_WORK ORDER:_ Which lines in the material below contain the word "MPSC"? Copy each of them.

[Start of section]

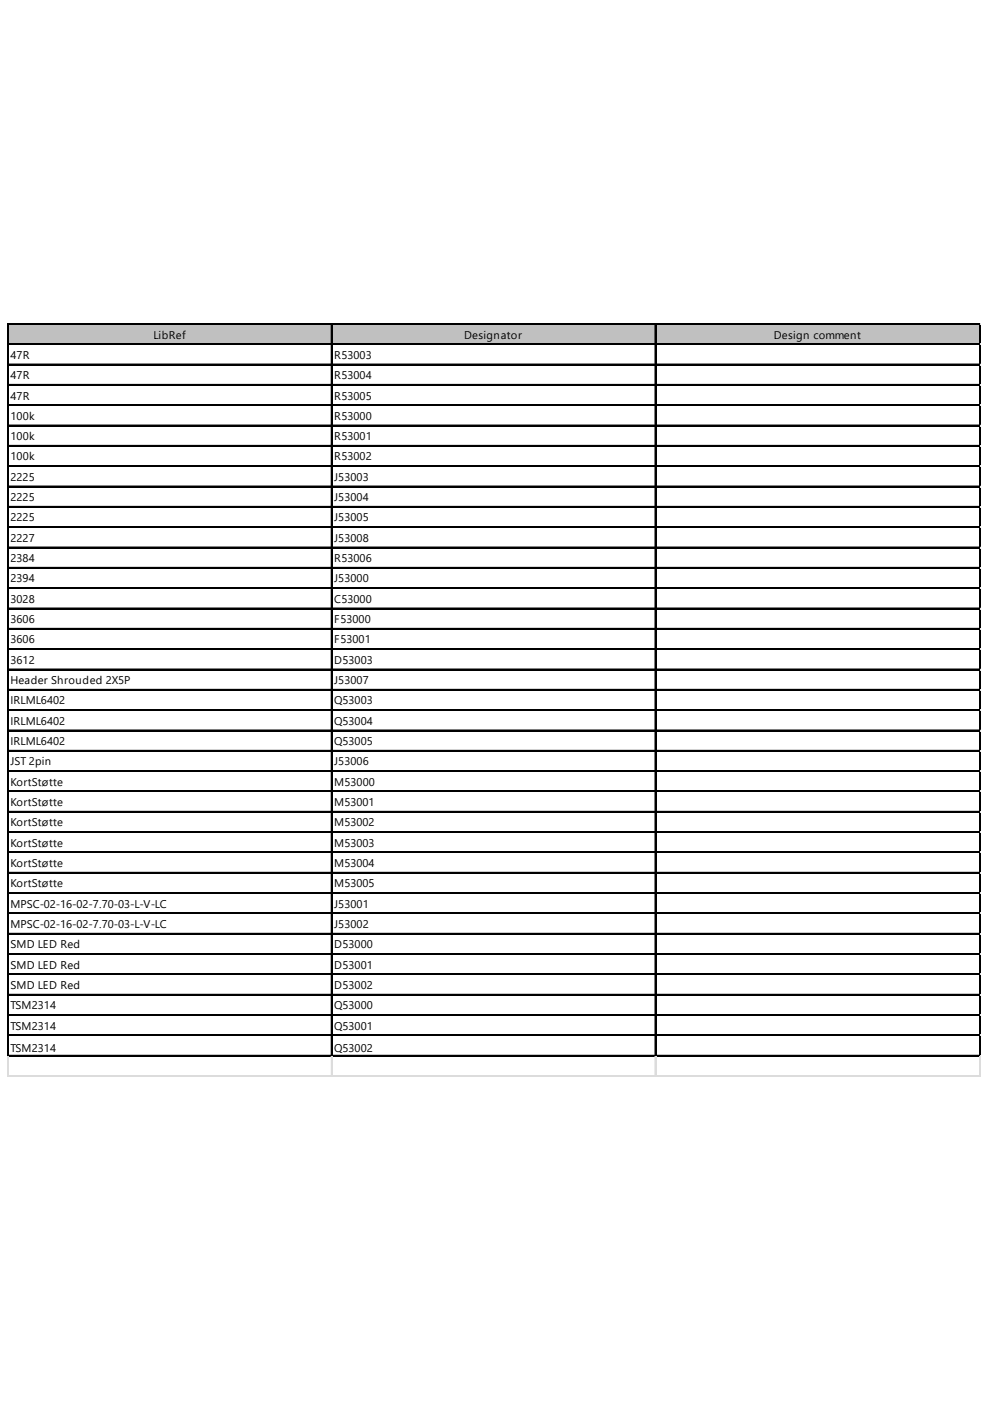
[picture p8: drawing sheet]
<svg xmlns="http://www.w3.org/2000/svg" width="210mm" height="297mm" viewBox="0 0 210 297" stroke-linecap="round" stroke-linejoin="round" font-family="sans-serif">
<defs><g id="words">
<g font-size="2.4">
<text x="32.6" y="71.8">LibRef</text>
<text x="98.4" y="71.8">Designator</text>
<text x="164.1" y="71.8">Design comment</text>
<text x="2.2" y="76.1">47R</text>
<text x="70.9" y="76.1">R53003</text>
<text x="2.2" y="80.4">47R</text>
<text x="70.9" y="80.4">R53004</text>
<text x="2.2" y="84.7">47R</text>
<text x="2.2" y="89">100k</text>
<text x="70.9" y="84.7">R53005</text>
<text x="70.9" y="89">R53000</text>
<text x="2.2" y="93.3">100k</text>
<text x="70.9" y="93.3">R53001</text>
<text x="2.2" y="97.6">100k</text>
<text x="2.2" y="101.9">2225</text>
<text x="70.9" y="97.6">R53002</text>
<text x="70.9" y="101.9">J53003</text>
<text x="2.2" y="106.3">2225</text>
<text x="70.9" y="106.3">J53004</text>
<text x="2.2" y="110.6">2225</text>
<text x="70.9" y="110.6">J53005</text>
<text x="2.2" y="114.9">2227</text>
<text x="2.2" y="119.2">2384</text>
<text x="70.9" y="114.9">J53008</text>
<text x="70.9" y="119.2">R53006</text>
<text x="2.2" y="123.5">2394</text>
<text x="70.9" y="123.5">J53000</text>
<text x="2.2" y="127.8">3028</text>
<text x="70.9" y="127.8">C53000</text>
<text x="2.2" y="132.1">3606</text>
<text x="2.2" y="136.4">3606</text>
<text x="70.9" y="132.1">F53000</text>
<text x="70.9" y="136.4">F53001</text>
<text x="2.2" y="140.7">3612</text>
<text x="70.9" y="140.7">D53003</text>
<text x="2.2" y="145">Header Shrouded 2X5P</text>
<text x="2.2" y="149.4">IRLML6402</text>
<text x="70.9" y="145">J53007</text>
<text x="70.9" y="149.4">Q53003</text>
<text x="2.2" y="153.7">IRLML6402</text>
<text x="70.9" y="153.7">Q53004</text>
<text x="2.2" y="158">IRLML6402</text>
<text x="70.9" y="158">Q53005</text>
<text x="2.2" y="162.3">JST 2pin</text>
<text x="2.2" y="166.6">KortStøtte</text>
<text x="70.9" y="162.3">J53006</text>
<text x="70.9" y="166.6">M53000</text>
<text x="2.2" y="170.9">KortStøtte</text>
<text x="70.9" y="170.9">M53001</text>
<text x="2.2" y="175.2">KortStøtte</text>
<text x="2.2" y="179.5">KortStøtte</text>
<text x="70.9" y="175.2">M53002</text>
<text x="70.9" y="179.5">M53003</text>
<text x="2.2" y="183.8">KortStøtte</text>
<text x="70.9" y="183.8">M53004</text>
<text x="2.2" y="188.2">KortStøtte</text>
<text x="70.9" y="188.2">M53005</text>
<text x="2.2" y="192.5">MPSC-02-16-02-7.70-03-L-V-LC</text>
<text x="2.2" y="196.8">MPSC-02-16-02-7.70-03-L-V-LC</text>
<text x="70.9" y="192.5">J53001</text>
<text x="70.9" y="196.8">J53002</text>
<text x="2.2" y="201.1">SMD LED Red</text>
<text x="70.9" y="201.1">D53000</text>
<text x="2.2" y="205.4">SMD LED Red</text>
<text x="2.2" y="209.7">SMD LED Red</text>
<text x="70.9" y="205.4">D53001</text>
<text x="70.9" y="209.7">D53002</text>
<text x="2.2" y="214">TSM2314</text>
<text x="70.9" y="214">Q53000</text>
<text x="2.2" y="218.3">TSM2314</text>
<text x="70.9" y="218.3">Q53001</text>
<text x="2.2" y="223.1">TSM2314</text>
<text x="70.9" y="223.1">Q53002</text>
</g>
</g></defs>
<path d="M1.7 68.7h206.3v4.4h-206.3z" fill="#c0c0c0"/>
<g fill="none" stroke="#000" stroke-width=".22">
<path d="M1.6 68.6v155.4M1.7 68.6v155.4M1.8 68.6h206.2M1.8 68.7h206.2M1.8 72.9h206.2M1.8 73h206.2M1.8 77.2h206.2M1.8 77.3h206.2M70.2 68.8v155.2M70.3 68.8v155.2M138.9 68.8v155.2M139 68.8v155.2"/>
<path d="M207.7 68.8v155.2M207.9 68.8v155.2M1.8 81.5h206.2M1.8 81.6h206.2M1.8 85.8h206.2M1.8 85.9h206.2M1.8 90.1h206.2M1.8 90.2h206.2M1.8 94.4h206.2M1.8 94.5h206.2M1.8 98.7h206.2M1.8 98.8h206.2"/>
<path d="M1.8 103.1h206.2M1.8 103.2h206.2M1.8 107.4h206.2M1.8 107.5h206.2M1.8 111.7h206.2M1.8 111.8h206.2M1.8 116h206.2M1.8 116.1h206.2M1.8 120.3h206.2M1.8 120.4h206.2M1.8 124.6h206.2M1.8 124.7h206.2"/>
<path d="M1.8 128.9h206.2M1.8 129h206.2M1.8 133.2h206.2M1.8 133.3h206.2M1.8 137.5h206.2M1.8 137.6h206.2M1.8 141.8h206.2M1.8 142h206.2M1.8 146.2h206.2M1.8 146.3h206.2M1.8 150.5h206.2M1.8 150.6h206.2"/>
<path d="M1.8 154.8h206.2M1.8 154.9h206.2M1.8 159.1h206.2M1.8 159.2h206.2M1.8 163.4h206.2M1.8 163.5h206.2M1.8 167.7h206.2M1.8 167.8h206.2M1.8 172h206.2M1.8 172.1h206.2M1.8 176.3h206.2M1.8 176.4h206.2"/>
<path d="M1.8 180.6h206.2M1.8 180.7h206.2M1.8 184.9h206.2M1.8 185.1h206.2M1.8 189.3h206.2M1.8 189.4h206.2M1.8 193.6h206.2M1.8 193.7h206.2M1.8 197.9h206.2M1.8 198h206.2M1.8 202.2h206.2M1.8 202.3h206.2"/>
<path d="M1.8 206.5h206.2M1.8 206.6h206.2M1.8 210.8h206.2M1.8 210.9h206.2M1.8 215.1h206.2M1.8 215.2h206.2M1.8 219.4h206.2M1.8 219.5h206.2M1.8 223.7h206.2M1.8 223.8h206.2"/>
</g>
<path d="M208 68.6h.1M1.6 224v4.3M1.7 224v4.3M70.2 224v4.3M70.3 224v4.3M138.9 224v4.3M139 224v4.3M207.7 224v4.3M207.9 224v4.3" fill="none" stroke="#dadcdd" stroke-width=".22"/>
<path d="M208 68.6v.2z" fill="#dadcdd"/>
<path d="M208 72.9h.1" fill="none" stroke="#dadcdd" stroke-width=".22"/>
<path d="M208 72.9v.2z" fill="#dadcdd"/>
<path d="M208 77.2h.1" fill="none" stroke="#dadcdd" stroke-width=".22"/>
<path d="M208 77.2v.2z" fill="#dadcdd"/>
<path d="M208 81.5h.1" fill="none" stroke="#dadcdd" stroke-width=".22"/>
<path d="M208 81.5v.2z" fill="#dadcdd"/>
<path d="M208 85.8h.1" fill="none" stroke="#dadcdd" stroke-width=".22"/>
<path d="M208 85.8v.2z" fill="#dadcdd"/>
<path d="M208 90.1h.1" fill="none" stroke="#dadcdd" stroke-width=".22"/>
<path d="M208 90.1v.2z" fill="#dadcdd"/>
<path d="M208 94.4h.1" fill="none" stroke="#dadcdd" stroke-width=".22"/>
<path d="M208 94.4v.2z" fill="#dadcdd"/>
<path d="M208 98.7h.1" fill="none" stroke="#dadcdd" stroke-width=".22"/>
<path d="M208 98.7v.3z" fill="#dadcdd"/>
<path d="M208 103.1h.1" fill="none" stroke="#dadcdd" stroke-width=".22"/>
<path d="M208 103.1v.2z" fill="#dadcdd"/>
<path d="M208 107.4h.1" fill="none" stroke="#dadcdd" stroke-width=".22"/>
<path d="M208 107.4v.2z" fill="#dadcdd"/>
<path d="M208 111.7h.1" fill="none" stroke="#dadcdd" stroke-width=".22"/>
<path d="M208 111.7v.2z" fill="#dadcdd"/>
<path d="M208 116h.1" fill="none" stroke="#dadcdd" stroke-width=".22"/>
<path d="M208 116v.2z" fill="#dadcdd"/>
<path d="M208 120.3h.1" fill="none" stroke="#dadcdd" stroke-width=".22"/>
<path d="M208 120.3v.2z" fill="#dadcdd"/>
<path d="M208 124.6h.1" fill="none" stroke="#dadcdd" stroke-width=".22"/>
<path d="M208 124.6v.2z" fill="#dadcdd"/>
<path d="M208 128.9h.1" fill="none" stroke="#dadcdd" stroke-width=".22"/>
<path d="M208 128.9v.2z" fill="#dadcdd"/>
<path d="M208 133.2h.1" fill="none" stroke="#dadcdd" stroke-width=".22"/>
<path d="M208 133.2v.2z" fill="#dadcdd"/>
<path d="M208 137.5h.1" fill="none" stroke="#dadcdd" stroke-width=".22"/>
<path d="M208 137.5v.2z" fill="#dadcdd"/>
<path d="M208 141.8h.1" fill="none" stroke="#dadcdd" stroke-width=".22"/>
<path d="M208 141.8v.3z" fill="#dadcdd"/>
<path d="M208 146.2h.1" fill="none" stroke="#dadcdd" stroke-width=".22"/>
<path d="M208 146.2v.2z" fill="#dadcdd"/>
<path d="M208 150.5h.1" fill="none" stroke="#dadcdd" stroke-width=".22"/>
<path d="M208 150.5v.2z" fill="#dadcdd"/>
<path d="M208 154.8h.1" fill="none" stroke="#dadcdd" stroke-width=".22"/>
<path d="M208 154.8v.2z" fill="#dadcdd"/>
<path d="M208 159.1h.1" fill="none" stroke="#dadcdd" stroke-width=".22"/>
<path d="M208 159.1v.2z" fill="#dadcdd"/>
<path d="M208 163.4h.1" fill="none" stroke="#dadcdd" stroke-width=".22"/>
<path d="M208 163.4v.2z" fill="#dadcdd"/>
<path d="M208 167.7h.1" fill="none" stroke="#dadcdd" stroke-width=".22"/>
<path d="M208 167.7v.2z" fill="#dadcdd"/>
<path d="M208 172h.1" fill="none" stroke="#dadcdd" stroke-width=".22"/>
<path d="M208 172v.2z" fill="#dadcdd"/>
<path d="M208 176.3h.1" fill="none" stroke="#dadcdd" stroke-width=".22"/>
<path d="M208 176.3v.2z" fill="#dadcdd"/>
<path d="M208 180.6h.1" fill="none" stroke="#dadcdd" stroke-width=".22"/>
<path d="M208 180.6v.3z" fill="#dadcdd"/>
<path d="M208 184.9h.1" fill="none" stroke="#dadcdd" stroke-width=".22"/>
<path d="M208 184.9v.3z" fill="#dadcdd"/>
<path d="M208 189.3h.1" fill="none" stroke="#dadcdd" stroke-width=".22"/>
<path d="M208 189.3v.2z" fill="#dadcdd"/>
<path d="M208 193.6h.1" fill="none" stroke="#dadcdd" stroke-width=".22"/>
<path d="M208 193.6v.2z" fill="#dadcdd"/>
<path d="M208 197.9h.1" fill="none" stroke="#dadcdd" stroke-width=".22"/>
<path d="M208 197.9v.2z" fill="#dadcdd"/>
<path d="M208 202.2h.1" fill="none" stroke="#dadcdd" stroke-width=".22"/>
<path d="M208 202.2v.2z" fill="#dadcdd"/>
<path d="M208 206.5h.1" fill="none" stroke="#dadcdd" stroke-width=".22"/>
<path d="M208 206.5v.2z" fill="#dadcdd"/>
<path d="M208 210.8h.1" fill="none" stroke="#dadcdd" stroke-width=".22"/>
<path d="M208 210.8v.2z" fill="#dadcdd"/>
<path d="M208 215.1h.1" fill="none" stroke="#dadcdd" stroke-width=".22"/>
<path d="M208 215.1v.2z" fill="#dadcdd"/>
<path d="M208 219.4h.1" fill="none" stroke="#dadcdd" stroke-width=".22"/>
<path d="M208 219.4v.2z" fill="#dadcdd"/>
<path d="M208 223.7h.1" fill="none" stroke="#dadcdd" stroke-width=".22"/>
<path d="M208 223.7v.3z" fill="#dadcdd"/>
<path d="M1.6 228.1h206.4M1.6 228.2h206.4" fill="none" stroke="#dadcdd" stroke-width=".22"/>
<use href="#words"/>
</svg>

[End of section]

_SOLUTION TO THE EXERCISE:_
<text x="2.2" y="192.5">MPSC-02-16-02-7.70-03-L-V-LC</text>
<text x="2.2" y="196.8">MPSC-02-16-02-7.70-03-L-V-LC</text>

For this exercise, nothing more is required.